OK folks. I guess the honeymoon between congregation and new curate has just been brought to an untimely end by this evening's sermon....Fresh home from Greenbelt, and having thought about little else than questions of emerging church for much of the past months (even my vicar thought it important that I weigh up the parish in the light of Mission Shaped Church), today I set to and preached it.
The Evensong readings included Isaiah 43..."I am doing a new thing. Now it springs up. Do you not see it?"
I found myself telling the congregation things that none of you will be remotely surprised by.....that the church is always only one generation away from extinction...that to be catholic means to be inclusive, and not just of People Like Us....that it would matter not a jot or tittle if the C of E was dead within a decade, so long as the church continued to act as the agent of God's mission on earth.
None of it revolutionary, really. None of it rocket science, or indeed D.Theol....but also none of it stuff that they had been made to consider before.

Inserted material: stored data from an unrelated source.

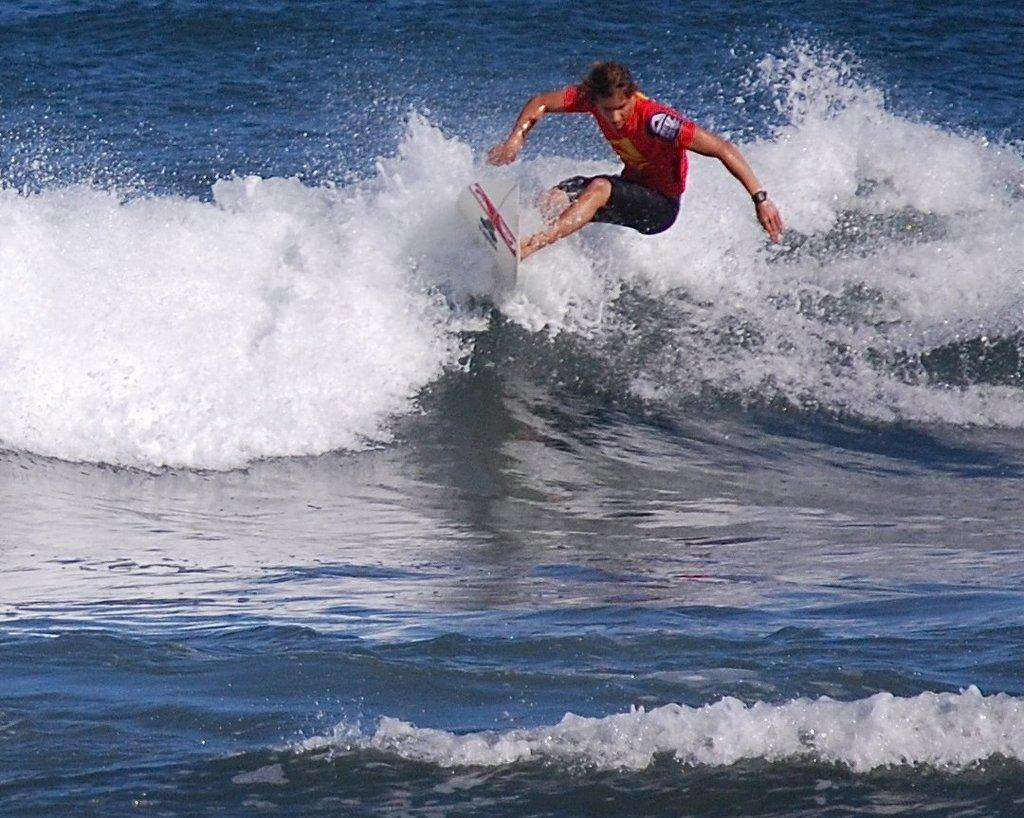What is the person in the image doing? The person is surfing in the sea. What is the person wearing while surfing? The person is wearing a red color t-shirt and black color shorts. What type of blade is being used by the person in the bedroom? There is no bedroom or blade present in the image; the person is surfing in the sea. 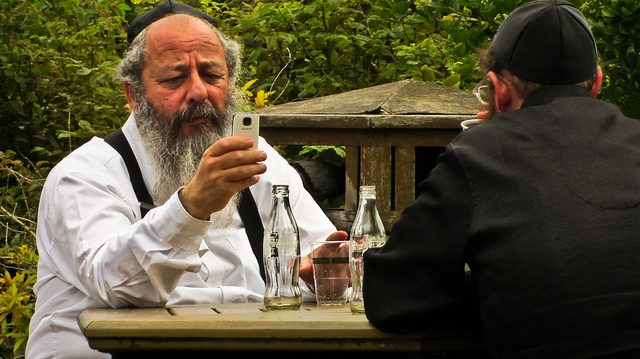Describe the objects in this image and their specific colors. I can see people in darkgreen, black, maroon, and gray tones, people in darkgreen, lightgray, darkgray, black, and maroon tones, dining table in darkgreen, black, and tan tones, bottle in darkgreen, darkgray, lightgray, beige, and tan tones, and bottle in darkgreen, tan, beige, and olive tones in this image. 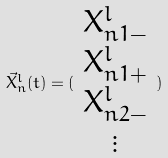Convert formula to latex. <formula><loc_0><loc_0><loc_500><loc_500>\vec { X } _ { n } ^ { l } ( t ) = ( \begin{array} { c } X _ { n 1 - } ^ { l } \\ X _ { n 1 + } ^ { l } \\ X _ { n 2 - } ^ { l } \\ \vdots \end{array} )</formula>

Truly, when I was preparing the thing I couldn't help myself....and if it comes to a contest between upsetting the congregation and ignoring pretty firm direction from God, I know which I would rather do
But as many of you will know, I tend to go 50 miles to avoid confrontation, so finding myself out on an even mildy prophetic limb was scary,scary, scary.
I had one unexpected ally, in the shape of an elderly ex Warden, who greeted the idea that church might look totally different and still fulfill its purpose....My sweetheart of a vicar was fine too....but otherwise the silence was deafening. Even my good friend in the congregation said she felt I'd not been there long enough to preach that sort of stuff. She said it with a smile, but I suspect that's the general reaction.
Does anyone have a bunker available for reluctant prophets to lurk in till the storm has passed?